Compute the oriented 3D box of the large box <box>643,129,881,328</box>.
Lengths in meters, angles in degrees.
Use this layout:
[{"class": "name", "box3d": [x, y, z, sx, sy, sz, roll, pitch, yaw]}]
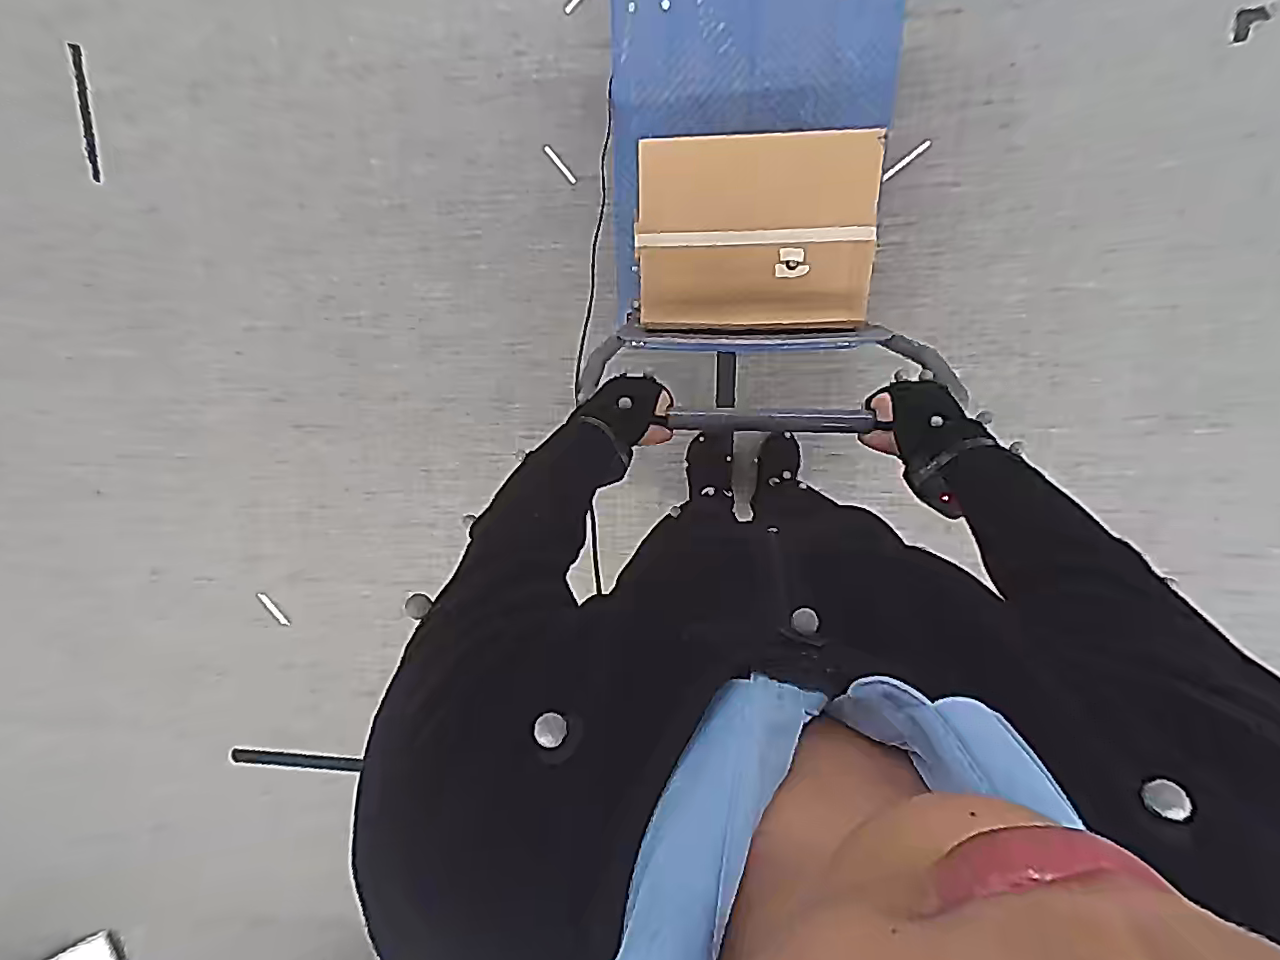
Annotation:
[{"class": "large box", "box3d": [0.219, -0.480, 1.098, 0.408, 0.320, 0.320, 1, 109, 6]}]
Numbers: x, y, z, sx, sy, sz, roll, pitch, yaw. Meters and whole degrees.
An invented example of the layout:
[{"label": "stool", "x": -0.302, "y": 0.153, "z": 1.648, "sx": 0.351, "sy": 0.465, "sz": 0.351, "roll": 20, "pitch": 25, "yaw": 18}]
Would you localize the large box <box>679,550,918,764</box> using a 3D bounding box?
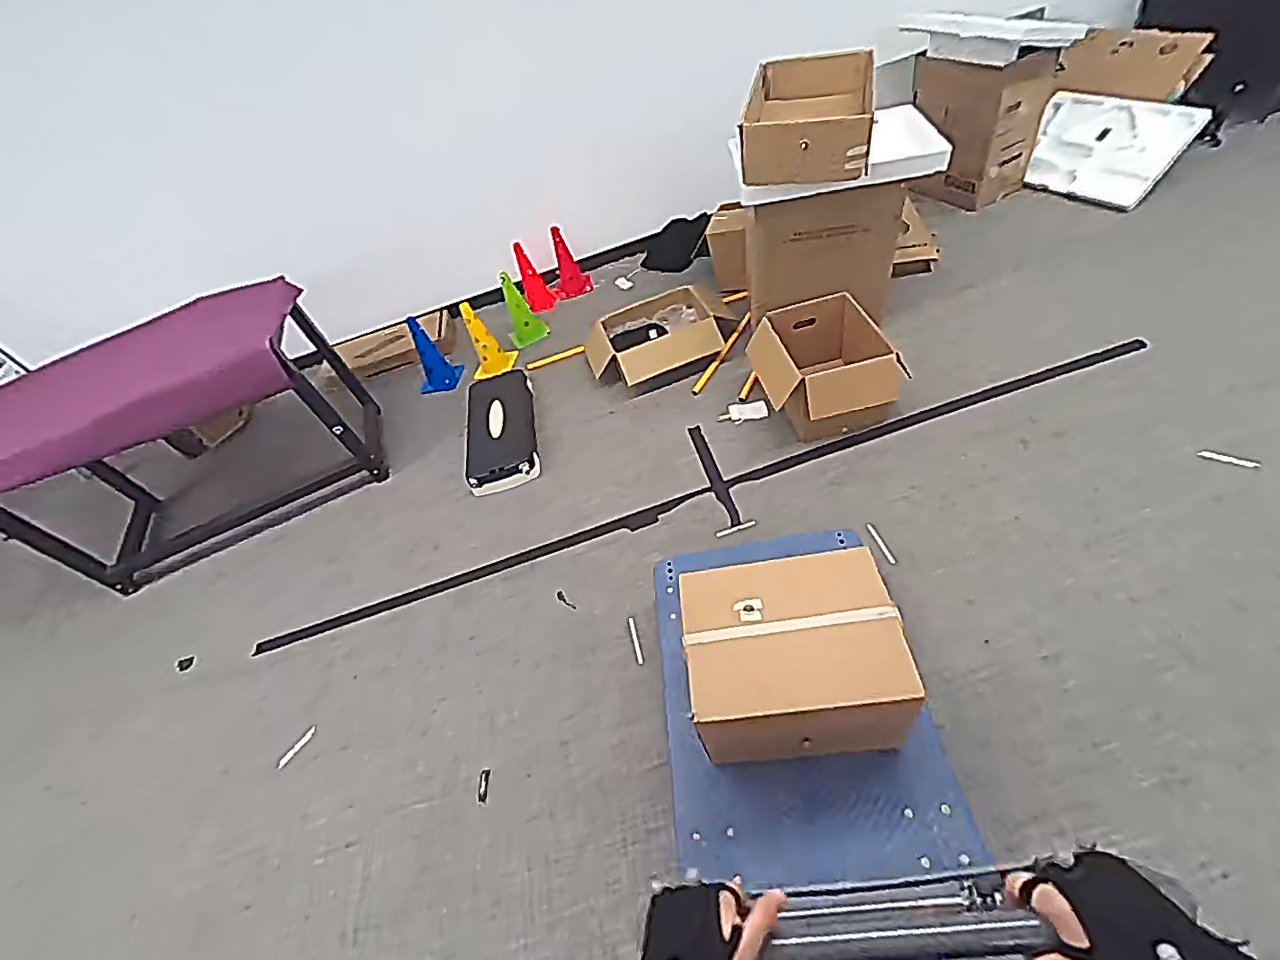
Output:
[{"label": "large box", "x": 0.322, "y": 0.394, "z": 1.178, "sx": 0.408, "sy": 0.320, "sz": 0.320, "roll": -11, "pitch": 47, "yaw": 8}]
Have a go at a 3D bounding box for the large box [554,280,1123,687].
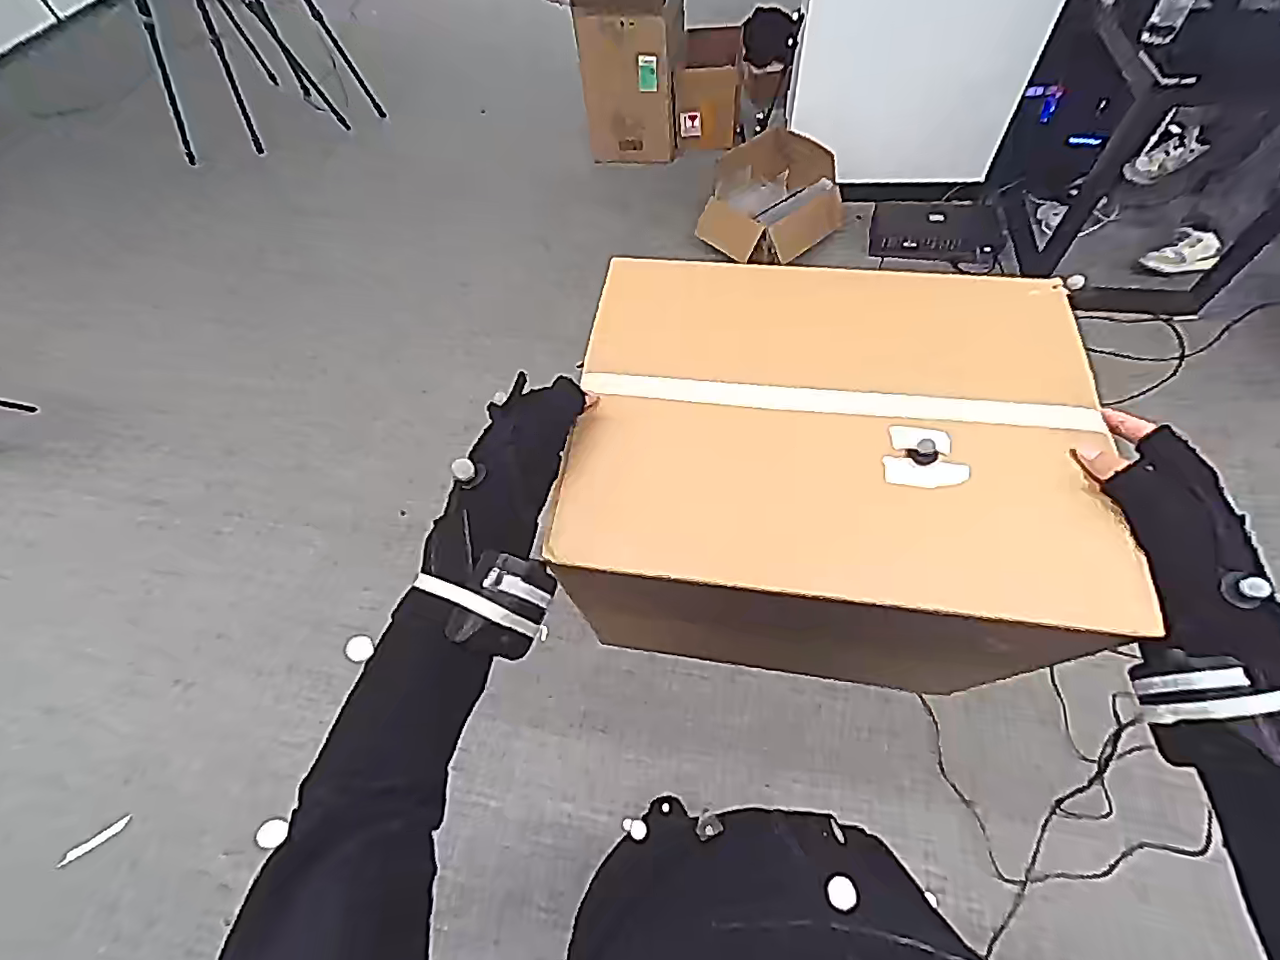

☆ ☆ ☆ ☆ ☆

▸ Exercise description: In the entries above, find lines with "degrees" and copy each.

▸ Response for this exercise:
Lengths in meters, angles in degrees.
Numbers: x, y, z, sx, sy, sz, roll, pitch, yaw. Meters and whole degrees.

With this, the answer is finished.